30 January 2012

Today we’ll meet in the lab to work on Task 4 and on your Sestina.  A reminder that Task 4 is due by the end of the trimester, but your Sestina is due tomorrow.

In terms of ground rules for the sestina, let me offer a few guiding lights:

  • USE evocative words as your end words (specific nouns, active verbs).  This actually helps the poem to have some movement.
  • DO NOT USE end words that are pronouns (he, she, you, this, that), articles (the, a, an) and weak verbs (to be, to have)

Think about rink keeper–fury, pleasure, hockey, Esposito, slapshots.  Or think about Elizabeth Bishop’s sestina–house, grandmother, child, stove, almanac, tears.  These are not cop-out words!  :)

27 Jan 2012

Today we did vocabulary

  • siphon – tube – siphon – to use a tube to remove some gas or liquid from another container
  • son – sound – resonate – sound echoes inside of something (thanks Arthur W)
  • spec, spic – look, see – spectator – one who watches
  • spir – breathe – respirate – to breathe
  • spont – by one’s own force – spontaneous – describes an activity undertaken for no particular reason but whim
  • tang, tact – touch -tangible -capable of being touched

and then finished our discussion of “Rink Keeper’s Sestina.”  Monday we’re in the lab.
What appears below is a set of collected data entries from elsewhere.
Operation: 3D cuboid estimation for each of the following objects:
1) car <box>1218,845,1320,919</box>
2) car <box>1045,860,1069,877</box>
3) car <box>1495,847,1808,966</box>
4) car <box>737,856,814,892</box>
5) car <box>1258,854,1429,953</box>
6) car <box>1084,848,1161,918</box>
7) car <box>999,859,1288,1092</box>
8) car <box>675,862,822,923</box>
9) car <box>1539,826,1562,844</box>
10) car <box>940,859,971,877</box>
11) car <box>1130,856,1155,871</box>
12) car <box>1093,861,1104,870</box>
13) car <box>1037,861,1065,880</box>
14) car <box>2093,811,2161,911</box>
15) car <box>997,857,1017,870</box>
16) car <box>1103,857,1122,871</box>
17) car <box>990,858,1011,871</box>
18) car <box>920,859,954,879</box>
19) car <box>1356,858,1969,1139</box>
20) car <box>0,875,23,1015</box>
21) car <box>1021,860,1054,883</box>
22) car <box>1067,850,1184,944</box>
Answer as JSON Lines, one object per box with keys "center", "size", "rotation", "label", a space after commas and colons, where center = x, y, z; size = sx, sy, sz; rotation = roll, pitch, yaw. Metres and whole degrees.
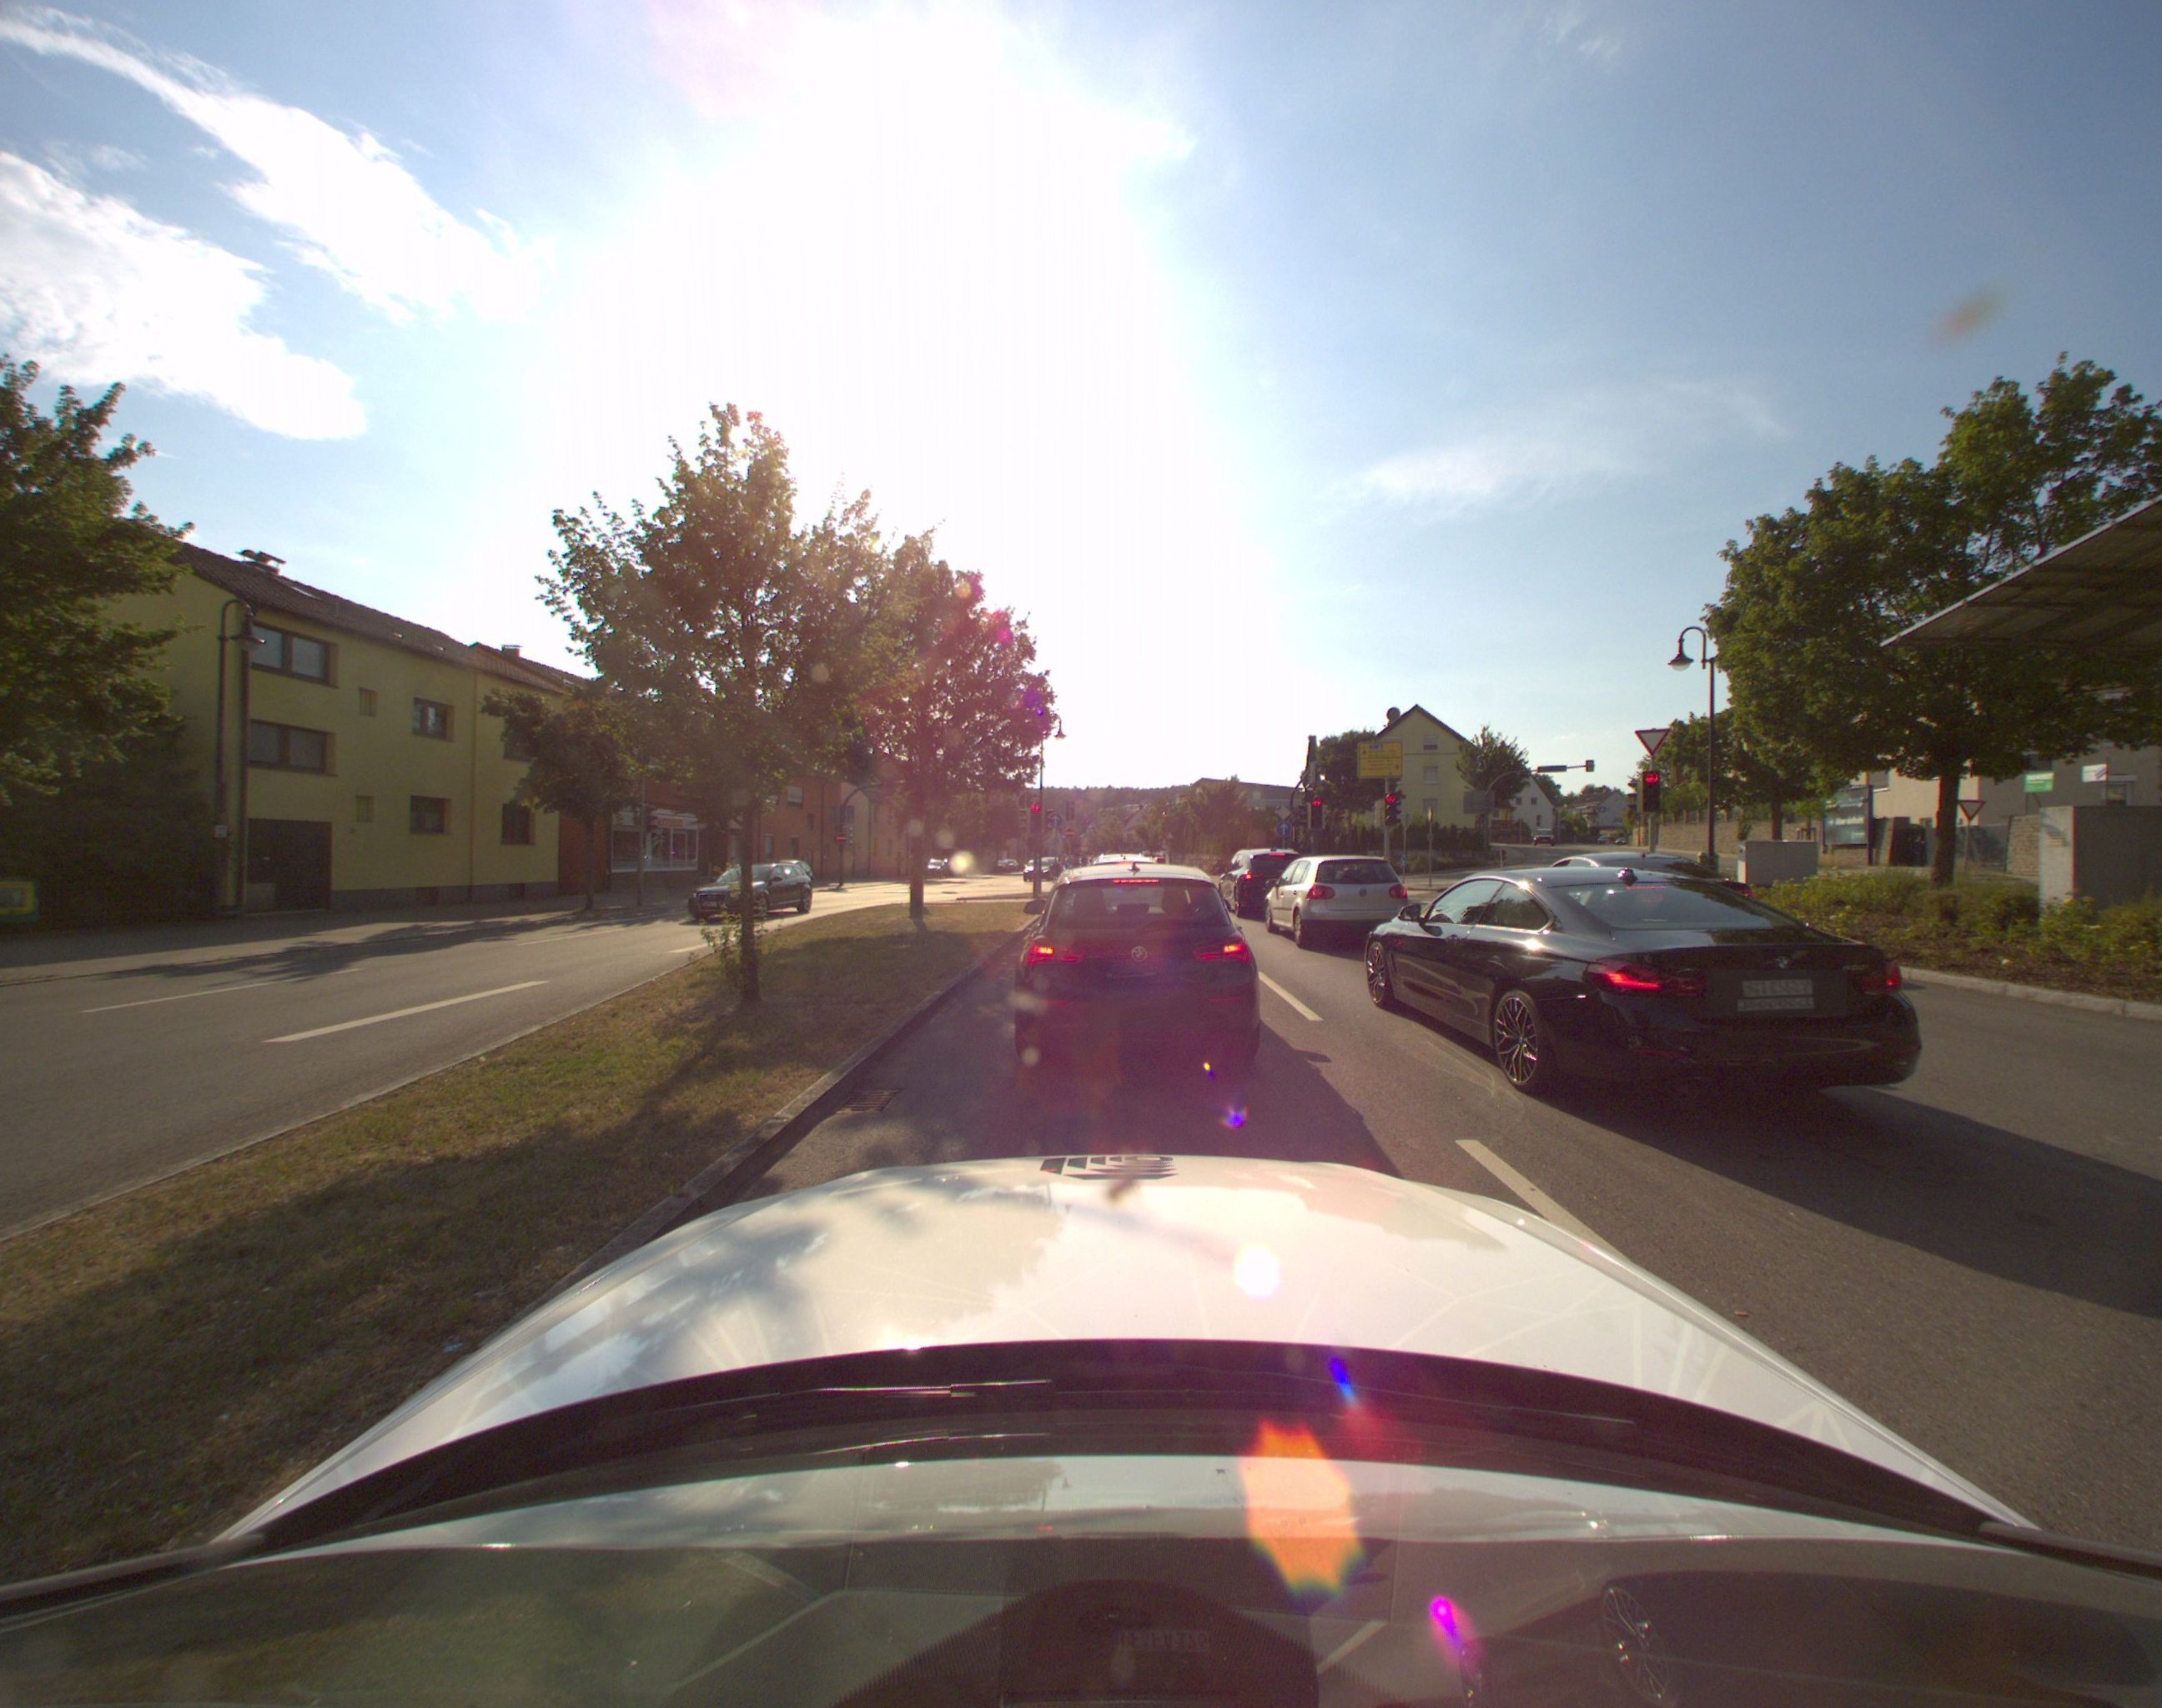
{"center": [4.610, 0.632, 20.614], "size": [1.808, 1.666, 4.351], "rotation": [-1, 0, 3], "label": "car"}
{"center": [-2.002, 1.240, 69.831], "size": [1.685, 1.353, 4.004], "rotation": [0, 0, 4], "label": "car"}
{"center": [8.083, 0.639, 12.180], "size": [1.674, 1.435, 4.593], "rotation": [-1, 0, 3], "label": "car"}
{"center": [-14.355, 0.901, 38.514], "size": [1.835, 1.552, 4.005], "rotation": [2, 0, 5], "label": "car"}
{"center": [4.339, 0.728, 14.180], "size": [1.808, 1.446, 4.351], "rotation": [-1, 0, 3], "label": "car"}
{"center": [1.108, 0.698, 21.528], "size": [1.808, 1.641, 4.245], "rotation": [-1, 0, 3], "label": "car"}
{"center": [0.511, 0.773, 7.243], "size": [1.783, 1.414, 4.351], "rotation": [-1, 0, 3], "label": "car"}
{"center": [-8.578, 0.932, 21.441], "size": [1.635, 1.386, 4.199], "rotation": [0, 0, 8], "label": "car"}
{"center": [43.173, -1.779, 74.898], "size": [1.769, 1.506, 4.096], "rotation": [0, 4, 29], "label": "car"}
{"center": [-11.379, 1.255, 73.926], "size": [1.916, 1.596, 4.004], "rotation": [0, 0, 4], "label": "car"}
{"center": [6.257, 0.946, 83.501], "size": [1.858, 1.485, 4.652], "rotation": [0, 0, -4], "label": "car"}
{"center": [3.088, 2.045, 143.261], "size": [1.917, 1.596, 4.002], "rotation": [0, 0, 2], "label": "car"}
{"center": [-2.282, 1.238, 62.932], "size": [1.685, 1.353, 4.004], "rotation": [0, 0, 4], "label": "car"}
{"center": [19.260, 0.097, 12.758], "size": [3.958, 1.608, 1.861], "rotation": [0, 0, 14], "label": "car"}
{"center": [-9.351, 1.247, 103.612], "size": [1.916, 1.596, 4.004], "rotation": [0, 0, 4], "label": "car"}
{"center": [3.992, 1.308, 104.162], "size": [1.887, 1.702, 4.518], "rotation": [-2, 0, -4], "label": "car"}
{"center": [-9.655, 1.246, 98.110], "size": [1.916, 1.596, 4.004], "rotation": [0, 0, 4], "label": "car"}
{"center": [-11.960, 1.251, 67.904], "size": [1.916, 1.596, 4.004], "rotation": [0, 0, 4], "label": "car"}
{"center": [3.653, 0.740, 6.280], "size": [1.808, 1.388, 4.351], "rotation": [-1, 0, 3], "label": "car"}
{"center": [-12.033, 0.937, 6.190], "size": [1.836, 1.422, 4.646], "rotation": [0, 0, 2], "label": "car"}
{"center": [-2.951, 1.184, 55.547], "size": [1.759, 1.458, 4.004], "rotation": [0, 0, 4], "label": "car"}
{"center": [0.814, 0.672, 14.808], "size": [1.808, 1.451, 4.245], "rotation": [-1, 0, 3], "label": "car"}
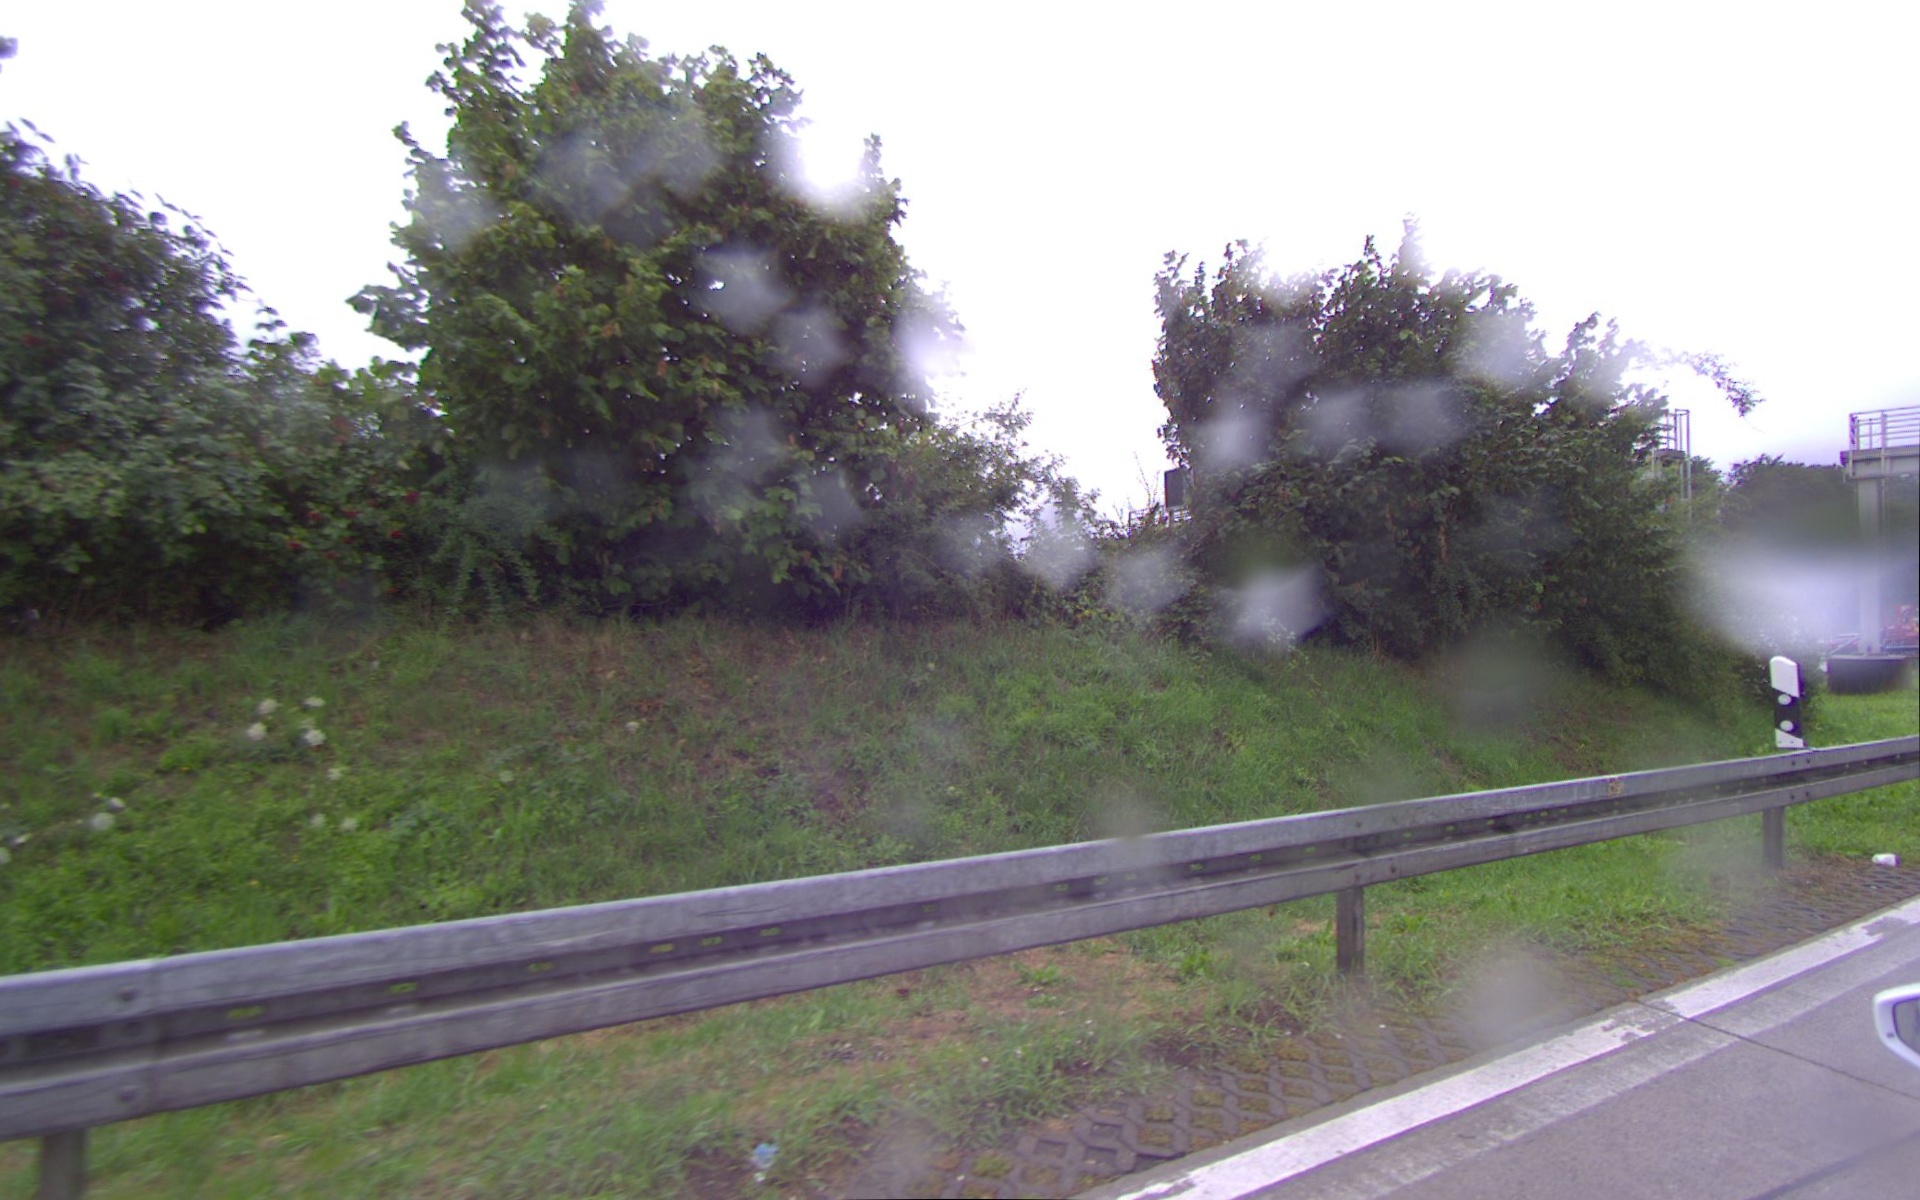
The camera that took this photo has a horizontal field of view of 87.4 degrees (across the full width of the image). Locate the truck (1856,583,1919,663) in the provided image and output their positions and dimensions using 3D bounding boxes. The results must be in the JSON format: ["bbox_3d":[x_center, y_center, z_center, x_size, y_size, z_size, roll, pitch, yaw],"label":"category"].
[{"bbox_3d":[48.447,1.100,49.136,11.646,3.635,2.821,0,-3,-28],"label":"truck"}]

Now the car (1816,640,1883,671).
[{"bbox_3d":[53.569,3.342,60.488,3.952,1.750,1.777,2,0,-29],"label":"car"}]

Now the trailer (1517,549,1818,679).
[{"bbox_3d":[26.425,0.594,37.180,13.454,4.260,2.910,1,-3,-26],"label":"trailer"}]

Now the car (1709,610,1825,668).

I’m going to ask you to write a Sestina of your own for Tuesday.  Be WARNED…

 

26 January 2012

Today we shared our observations and chunks on “Rink Keeper’s Sestina.”  Tonight, please do steps 3 & 5 (interpret & apply).

Also, we brainstormed a list of what a sestina is based on “Rink Keeper’s Sestina.”  Now, look at another sestina (p 4 in your packet contains Elizabeth Bishop’s “Sestina”) and add to or subtract from your definition accordingly.

See you tomorrow.

25 January 2011

Today we will finish our discussion of the critical reading essays (Nabokov, Perrine, Agassiz) and try to compress these into our critical reading skills lists (the back of your journal).  

Then, I’m going to introduce a visual method of studying text–one that promotes inductive, fish-gazing, stay-in-the-flashlight, detail-fondling interpretations.  And we’re going to practice that visual method on a poem called “Rink Keeper’s Sestina.”

Your journal prompt for this poem is simple:  Based on your observations of this one sestina, what is a sestina?

I’m eager to see what you come up with.  No Googling, no peeking, no clues, no comparing with other poems (even sestinas, at least not yet).  You’ve got yourself and the fish poem and your writing utensils.  Bon chance!

PS) The bold print above is just a small hint of the kinds of metaphors and skills you might have added to your critical reading skills list by the end of the day today.  :)

24 January 2012

Today is our writing day.  I will offer some preliminary instruction on turning your proposals into drafts, and here is a copy of these Memoir Instruction Notes.

I will also pass out a Sustained Narrative Example and a Vignette-style piece.  I hope these will help, too.

Lastly, here is a brief handout on the Fine Art of Punctuating Dialogue.  I think many of you will need it!

23 January 2012

Today we’ll start with silent reading and then we’ll begin a large group discussion of the essays you read for class today.

19-20 January 2012

19 January – Large group discussion of MLK Jr’s “Letter from a Birmingham Jail”

20 January – Please read three essays I passed out yesterday (see below).  Journal about and prepare to discuss them on MONDAY our usual writing day has been moved to TUESDAY next week.

  • Laurence Perrine “The Nature of Proof in the Interpretation of Poetry”
  • Vladimir Nabokov “Good Readers, Good Writers”
  • “The Student, the Fish & Agassiz”

The prompts for Perrine and Nabokov are typed on the front of the packet that contains both essays.  The prompt for Agassiz is a bit more simple: How might this parable work as a metaphor for critical reading.

There is a massive typographical error in one paragraph, the one in which he interprets Emily Dickinson’s poem.  It should read: The poem is a description of a sunset. The “ships of purple” are clouds. The “seas of daffodil” are skies colored golden by the setting sun. The “fantastic sailors” are the shifting colors of the sunset, like old-fashioned seamen dressed in gorgeous garments of many colors brought from exotic lands. The sun sinks and the wharf (the earth where the sun set- the scene of this colorful activity) is still. Thanks to Maisie H for pointing it out to me! A corrected version of the essay is available online at this site.

1st WARNING:  Many students feel Nabokov is arrogant and Perrine is pedantic.  That’s normal.  Try to work around your feelings so that you can access what they’re offering us.  It really is good stuff, despite them strutting their feathers a little (okay a lot).
2nd WARNING: Nabokov, Perrine and Agassiz will now occupy a similar place to Foster.  This is NOT an assignment to skimp on.  If you don’t know this stuff, and “know it good,” the rest of our time together this year is going to be difficult, and your final journal interview impossible.